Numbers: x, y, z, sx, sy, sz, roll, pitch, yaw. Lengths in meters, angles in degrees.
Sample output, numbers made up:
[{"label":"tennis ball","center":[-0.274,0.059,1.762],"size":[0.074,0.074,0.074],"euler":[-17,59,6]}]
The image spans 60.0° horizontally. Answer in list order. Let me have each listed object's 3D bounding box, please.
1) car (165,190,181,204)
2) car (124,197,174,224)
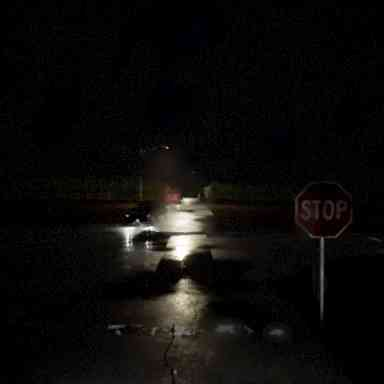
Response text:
[{"label":"car","center":[-2.782,0.740,49.075],"size":[2.150,2.045,5.566],"euler":[0,0,0]},{"label":"car","center":[-2.892,1.307,22.533],"size":[2.033,1.411,5.357],"euler":[0,1,8]}]
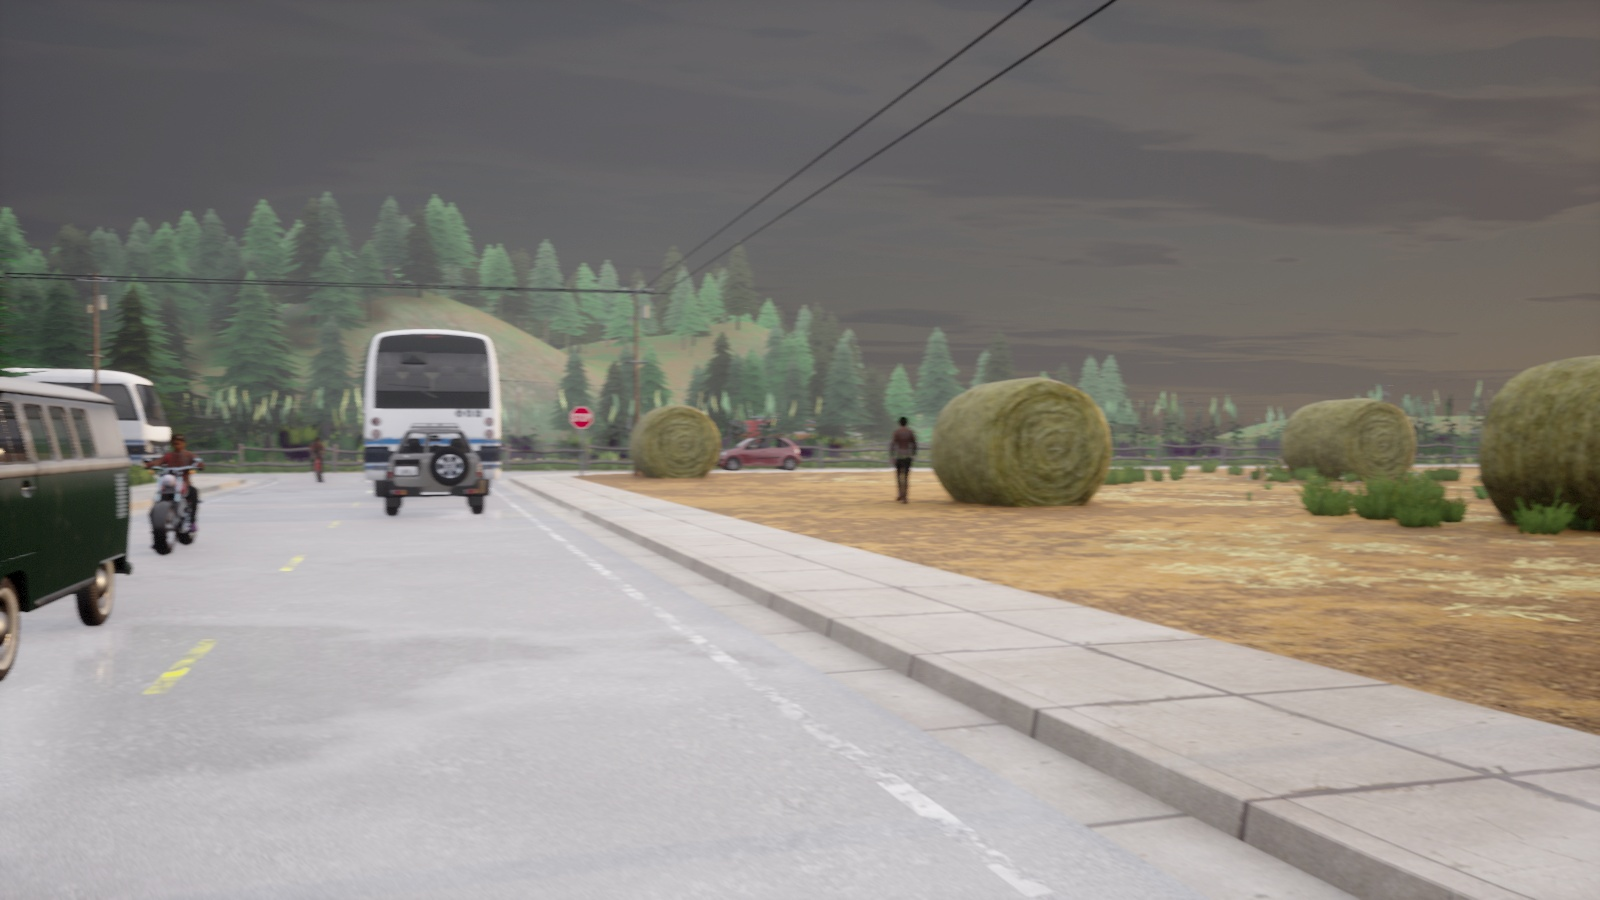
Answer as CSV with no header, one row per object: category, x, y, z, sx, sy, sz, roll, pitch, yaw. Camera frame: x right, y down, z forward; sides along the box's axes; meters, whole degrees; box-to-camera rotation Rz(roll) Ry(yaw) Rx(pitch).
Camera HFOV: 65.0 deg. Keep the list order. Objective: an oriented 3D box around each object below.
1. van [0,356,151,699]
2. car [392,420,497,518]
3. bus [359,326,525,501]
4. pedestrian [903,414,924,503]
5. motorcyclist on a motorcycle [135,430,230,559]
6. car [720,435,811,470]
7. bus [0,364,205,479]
van,-5.979,0.434,8.731,1.775,1.987,4.442,0,1,-16
car,-7.430,0.345,26.289,1.932,1.855,4.605,0,1,-16
bus,-10.254,-0.932,36.020,3.944,4.253,10.273,0,1,-16
pedestrian,2.314,0.166,25.677,0.328,1.805,0.869,0,0,-1
motorcyclist on a motorcycle,-8.471,0.557,17.322,0.766,1.649,2.350,0,1,-16
car,-1.622,0.107,58.718,3.988,1.617,1.851,0,1,-13
bus,-29.048,-1.070,48.584,10.273,4.253,3.944,0,0,-14
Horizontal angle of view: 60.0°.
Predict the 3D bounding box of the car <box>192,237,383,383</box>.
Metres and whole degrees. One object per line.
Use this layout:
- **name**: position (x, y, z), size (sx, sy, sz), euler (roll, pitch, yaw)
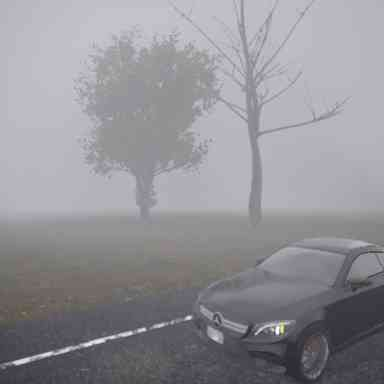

═══

*What needs to be done*
Return, with no change at all, every line in the entries above from the line containing "Camera HFOV: 65.0" through the line containing "6. car [720,435,811,470]".

*Output*
Camera HFOV: 65.0 deg. Keep the list order. Objective: an oriented 3D box around each object below.
1. van [0,356,151,699]
2. car [392,420,497,518]
3. bus [359,326,525,501]
4. pedestrian [903,414,924,503]
5. motorcyclist on a motorcycle [135,430,230,559]
6. car [720,435,811,470]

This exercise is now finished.